REQUIRED ACTION:
Make a verbatim copy of the entries below; pictures stay out.
BEGIN EXERCISE MATERIALS
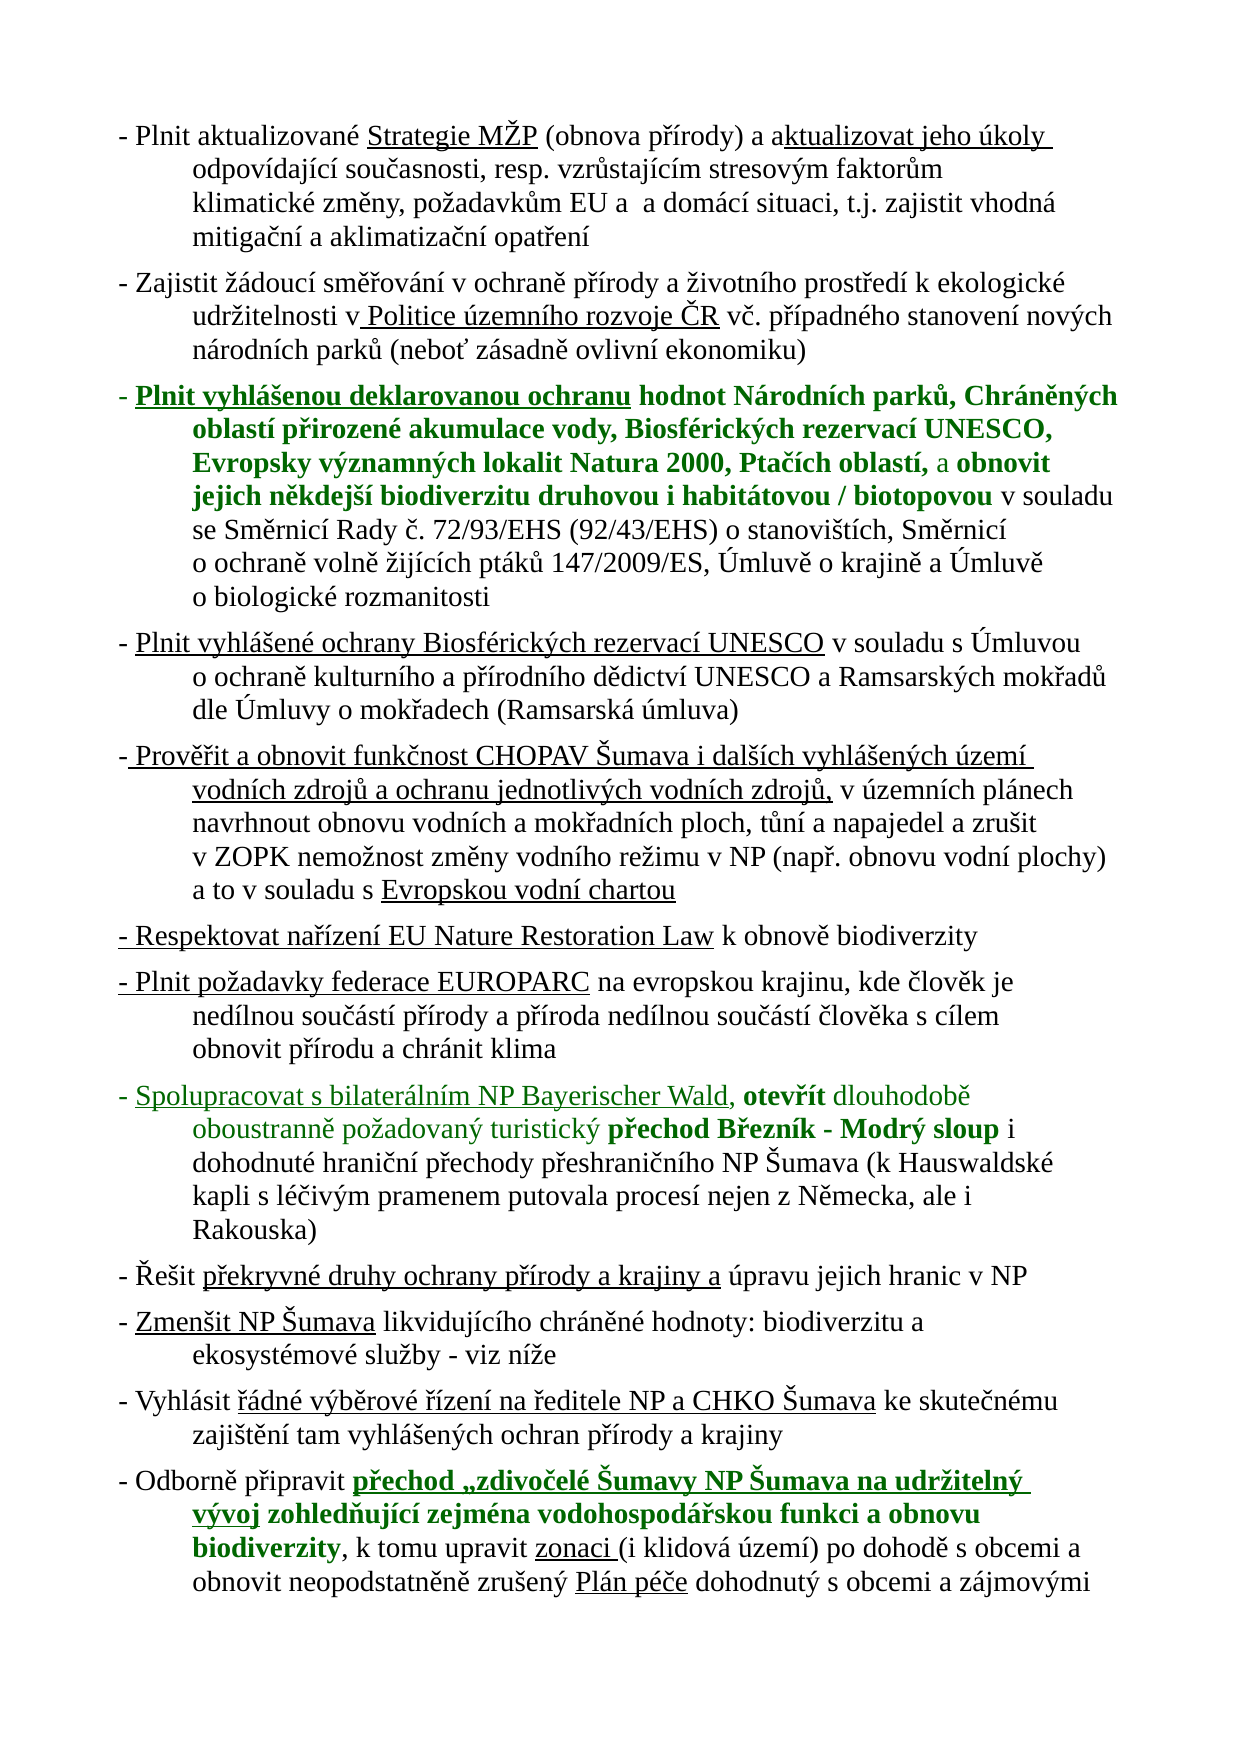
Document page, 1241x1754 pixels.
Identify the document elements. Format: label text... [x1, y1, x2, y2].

text - Plnit vyhlášenou deklarovanou ochranu hodnot Národních parků, Chráněných oblastí přirozené akumulace vody, Biosférických rezervací UNESCO, Evropsky významných lokalit Natura 2000, Ptačích oblastí, a obnovit jejich někdejší biodiverzitu druhovou i habitátovou / biotopovou v souladu se Směrnicí Rady č. 72/93/EHS (92/43/EHS) o stanovištích, Směrnicí o ochraně volně žijících ptáků 147/2009/ES, Úmluvě o krajině a Úmluvě o biologické rozmanitosti [118, 378, 1122, 613]
text - Zmenšit NP Šumava likvidujícího chráněné hodnoty: biodiverzitu a ekosystémové služby - viz níže [118, 1304, 1122, 1371]
text - Prověřit a obnovit funkčnost CHOPAV Šumava i dalších vyhlášených území vodních zdrojů a ochranu jednotlivých vodních zdrojů, v územních plánech navrhnout obnovu vodních a mokřadních ploch, tůní a napajedel a zrušit v ZOPK nemožnost změny vodního režimu v NP (např. obnovu vodní plochy) a to v souladu s Evropskou vodní chartou [118, 738, 1122, 906]
text - Respektovat nařízení EU Nature Restoration Law k obnově biodiverzity [118, 918, 1122, 952]
text - Odborně připravit přechod „zdivočelé Šumavy NP Šumava na udržitelný vývoj zohledňující zejména vodohospodářskou funkci a obnovu biodiverzity, k tomu upravit zonaci (i klidová území) po dohodě s obcemi a obnovit neopodstatněně zrušený Plán péče dohodnutý s obcemi a zájmovými [118, 1463, 1122, 1597]
text - Plnit aktualizované Strategie MŽP (obnova přírody) a aktualizovat jeho úkoly odpovídající současnosti, resp. vzrůstajícím stresovým faktorům klimatické změny, požadavkům EU a a domácí situaci, t.j. zajistit vhodná mitigační a aklimatizační opatření [118, 118, 1122, 252]
text - Zajistit žádoucí směřování v ochraně přírody a životního prostředí k ekologické udržitelnosti v Politice územního rozvoje ČR vč. případného stanovení nových národních parků (neboť zásadně ovlivní ekonomiku) [118, 265, 1122, 365]
text - Spolupracovat s bilaterálním NP Bayerischer Wald, otevřít dlouhodobě oboustranně požadovaný turistický přechod Březník - Modrý sloup i dohodnuté hraniční přechody přeshraničního NP Šumava (k Hauswaldské kapli s léčivým pramenem putovala procesí nejen z Německa, ale i Rakouska) [118, 1078, 1122, 1245]
text - Plnit požadavky federace EUROPARC na evropskou krajinu, kde člověk je nedílnou součástí přírody a příroda nedílnou součástí člověka s cílem obnovit přírodu a chránit klima [118, 964, 1122, 1065]
text - Řešit překryvné druhy ochrany přírody a krajiny a úpravu jejich hranic v NP [118, 1258, 1122, 1291]
text - Vyhlásit řádné výběrové řízení na ředitele NP a CHKO Šumava ke skutečnému zajištění tam vyhlášených ochran přírody a krajiny [118, 1383, 1122, 1451]
text - Plnit vyhlášené ochrany Biosférických rezervací UNESCO v souladu s Úmluvou o ochraně kulturního a přírodního dědictví UNESCO a Ramsarských mokřadů dle Úmluvy o mokřadech (Ramsarská úmluva) [118, 625, 1122, 726]
END EXERCISE MATERIALS
RESPONSE BELOW:
Document page, 1241x1754 pixels.
Identify the document elements. Format: label text... [x1, y1, x2, y2].

text - Plnit vyhlášenou deklarovanou ochranu hodnot Národních parků, Chráněných oblastí přirozené akumulace vody, Biosférických rezervací UNESCO, Evropsky významných lokalit Natura 2000, Ptačích oblastí, a obnovit jejich někdejší biodiverzitu druhovou i habitátovou / biotopovou v souladu se Směrnicí Rady č. 72/93/EHS (92/43/EHS) o stanovištích, Směrnicí o ochraně volně žijících ptáků 147/2009/ES, Úmluvě o krajině a Úmluvě o biologické rozmanitosti [118, 378, 1122, 613]
text - Zmenšit NP Šumava likvidujícího chráněné hodnoty: biodiverzitu a ekosystémové služby - viz níže [118, 1304, 1122, 1371]
text - Prověřit a obnovit funkčnost CHOPAV Šumava i dalších vyhlášených území vodních zdrojů a ochranu jednotlivých vodních zdrojů, v územních plánech navrhnout obnovu vodních a mokřadních ploch, tůní a napajedel a zrušit v ZOPK nemožnost změny vodního režimu v NP (např. obnovu vodní plochy) a to v souladu s Evropskou vodní chartou [118, 738, 1122, 906]
text - Respektovat nařízení EU Nature Restoration Law k obnově biodiverzity [118, 918, 1122, 952]
text - Odborně připravit přechod „zdivočelé Šumavy NP Šumava na udržitelný vývoj zohledňující zejména vodohospodářskou funkci a obnovu biodiverzity, k tomu upravit zonaci (i klidová území) po dohodě s obcemi a obnovit neopodstatněně zrušený Plán péče dohodnutý s obcemi a zájmovými [118, 1463, 1122, 1597]
text - Plnit aktualizované Strategie MŽP (obnova přírody) a aktualizovat jeho úkoly odpovídající současnosti, resp. vzrůstajícím stresovým faktorům klimatické změny, požadavkům EU a a domácí situaci, t.j. zajistit vhodná mitigační a aklimatizační opatření [118, 118, 1122, 252]
text - Zajistit žádoucí směřování v ochraně přírody a životního prostředí k ekologické udržitelnosti v Politice územního rozvoje ČR vč. případného stanovení nových národních parků (neboť zásadně ovlivní ekonomiku) [118, 265, 1122, 365]
text - Spolupracovat s bilaterálním NP Bayerischer Wald, otevřít dlouhodobě oboustranně požadovaný turistický přechod Březník - Modrý sloup i dohodnuté hraniční přechody přeshraničního NP Šumava (k Hauswaldské kapli s léčivým pramenem putovala procesí nejen z Německa, ale i Rakouska) [118, 1078, 1122, 1245]
text - Plnit požadavky federace EUROPARC na evropskou krajinu, kde člověk je nedílnou součástí přírody a příroda nedílnou součástí člověka s cílem obnovit přírodu a chránit klima [118, 964, 1122, 1065]
text - Řešit překryvné druhy ochrany přírody a krajiny a úpravu jejich hranic v NP [118, 1258, 1122, 1291]
text - Vyhlásit řádné výběrové řízení na ředitele NP a CHKO Šumava ke skutečnému zajištění tam vyhlášených ochran přírody a krajiny [118, 1383, 1122, 1451]
text - Plnit vyhlášené ochrany Biosférických rezervací UNESCO v souladu s Úmluvou o ochraně kulturního a přírodního dědictví UNESCO a Ramsarských mokřadů dle Úmluvy o mokřadech (Ramsarská úmluva) [118, 625, 1122, 726]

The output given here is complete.